Rising costs are changing the risk profile of staging productions, and whether the recent huge increase in utilities costs or the impact of consecutive 10% rises in minimum wages (now £11.44 for an over 21-year-old compared to £8.36 in 2021), these increases affect many elements of the cost base. As a result, capitalisations required to mount productions, and weekly running costs have risen sharply post pandemic. Despite TTR and higher ticket prices, the required capacity to recoup has risen for many from around 60% to over 70% adding significantly to the risks for producers and their financiers.

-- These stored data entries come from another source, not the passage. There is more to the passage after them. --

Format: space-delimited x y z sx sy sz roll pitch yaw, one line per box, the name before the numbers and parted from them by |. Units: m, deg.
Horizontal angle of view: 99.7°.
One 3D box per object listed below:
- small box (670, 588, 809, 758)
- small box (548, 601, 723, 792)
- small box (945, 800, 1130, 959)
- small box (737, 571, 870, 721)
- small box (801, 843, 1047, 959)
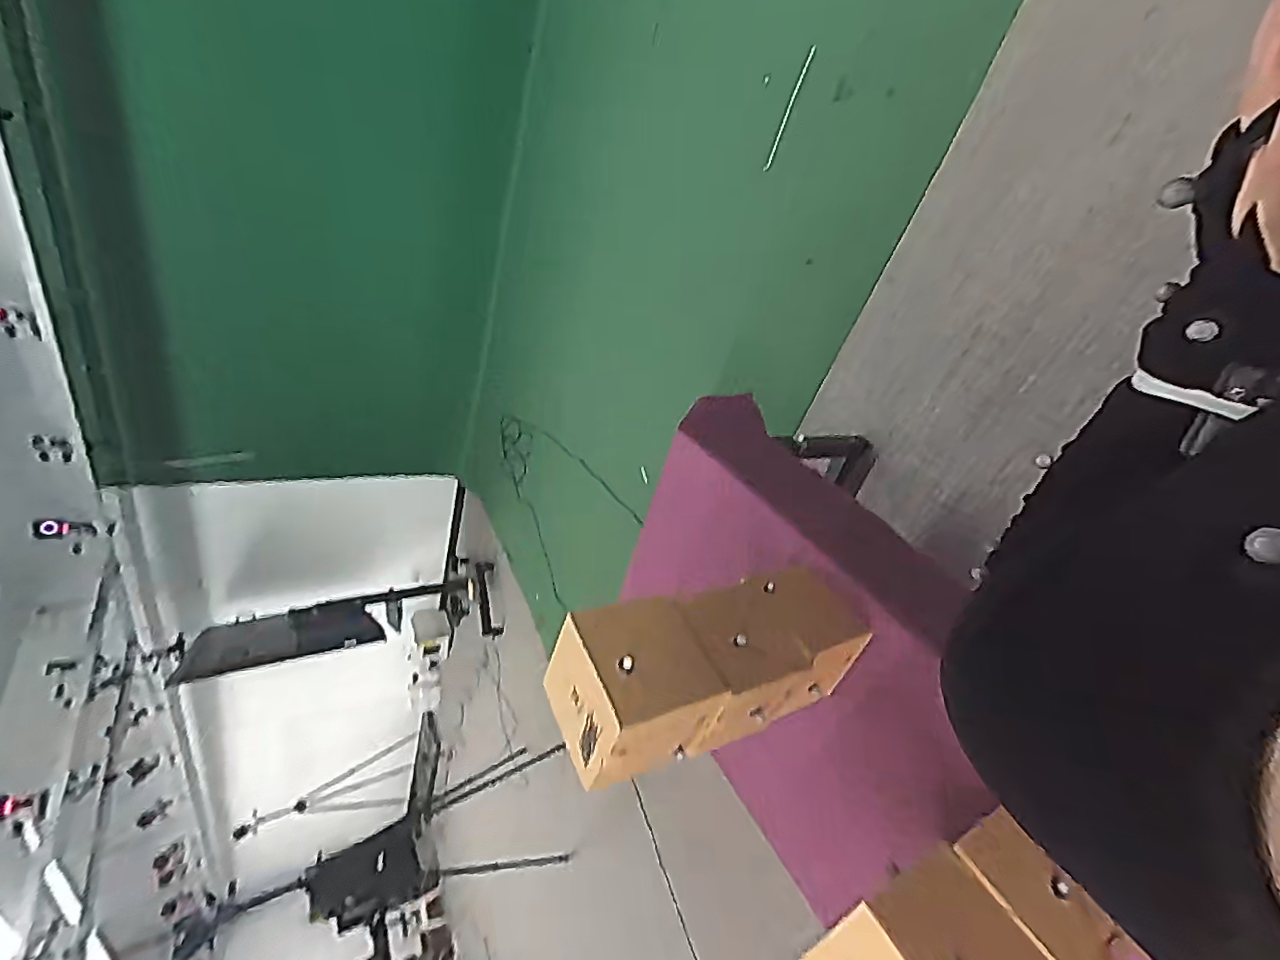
small box | 0.130 0.293 0.855 0.179 0.176 0.168 53 134 39
small box | -0.010 0.295 0.769 0.179 0.176 0.168 55 135 40
small box | 0.460 0.546 0.680 0.168 0.176 0.179 51 133 41
small box | 0.263 0.280 0.951 0.179 0.176 0.168 50 132 42
small box | 0.322 0.551 0.593 0.179 0.176 0.168 50 131 42

Overlay on this the economic pressures on regional theatres from local authorities cutting or eliminating subsidy for the non-statutory provision of live theatre in their boroughs, or worse still, an estimated 20% of local authorities expected to declare technical bankruptcy, and it feels inevitable that many more venues will close their doors or cut back their programmes. This deprives those local communities of the live experience with its benefits for social cohesion and mental health. It makes touring the UK more challenging if there are geographic gaps in the theatre provision.

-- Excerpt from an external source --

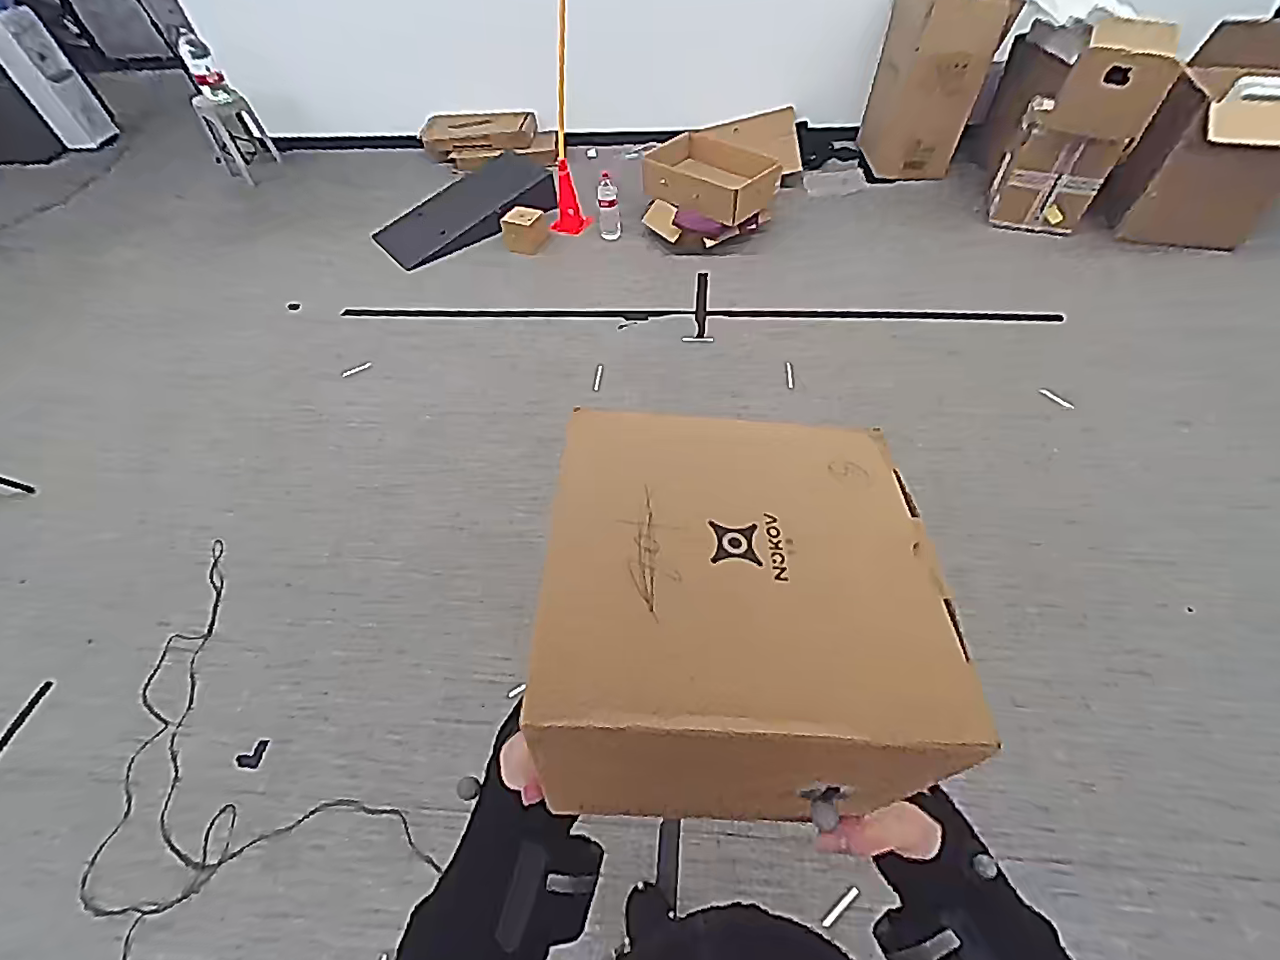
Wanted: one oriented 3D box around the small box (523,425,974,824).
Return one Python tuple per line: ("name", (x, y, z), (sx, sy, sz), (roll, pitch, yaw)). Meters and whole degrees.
("small box", (0.039, 0.089, 0.314), (0.179, 0.176, 0.168), (3, 49, -2))

Many of our largest players in the sector who manage venues and are key funders in productions such as companies like ATG, Crossroads or TEG are supported by Private Equity investors. They provided support during Covid when these large organisations needed it but continue to expect year on year growth in EBITDA (Earnings Before Interest Depreciation and Amortisation) against this background. It is natural that they will respond by being more risk averse to undertake new work and reluctant to invest more cash.

Many other funders do not require a financial return but seek to support live theatre for its other social and cultural benefits. The escalating ticket prices as a response to the economic pressures inevitably limit audiences’ frequency of visits or how much they will pay, especially for a new work or a production without star names. Furthermore, it is hugely divisive, making live theatre a more elitist experience for those who can afford the prices and inaccessible to young people or new theatregoers. Dynamic pricing is reaping the benefits for producers from successful shows nearing sell out but acts against those younger buyers who traditionally book late.

Indeed, those 16-to25-year-olds, a generation of Screenagers, more comfortable communicating through a device than face to face, are in danger of forming the habit of seeing their drama and storytelling on a streaming platform rather than in a live theatre. Their GCSE and A level English Literature visits to the theatre may not be enough to tempt them to pay the higher prices.

To further complicate the challenge of attracting audiences, the worthy desire in the industry to see more inclusivity and diversity in the stories, casting and audiences requires more risk taking as such projects targeting in content or casting to be more inclusive and diverse, may not initially attract the required audiences to recoup or find performers with sufficient experience to carry the show.

Equally, the global challenges of climate change and the need to adopt more eco-friendly practices will require investment in new equipment, changes in practices, and procurement and support to change audiences travel arrangements. A carbon neutral industry will require innovation, rapid change, and cash.

So how are producers and venues tackling these headwinds to steer the sector through these stormy waters? Over the coming weeks, West End Best Friend intends to examine these issues in more depth and develop a Besties Manifesto for the theatre to build on the success of lobbying that secured the TTR permanency at the higher rates. We believe that gathering together best practices and making the case as to why the financial support to the sector is so crucial can contribute to steering the sector through these challenges and support the health of the nation.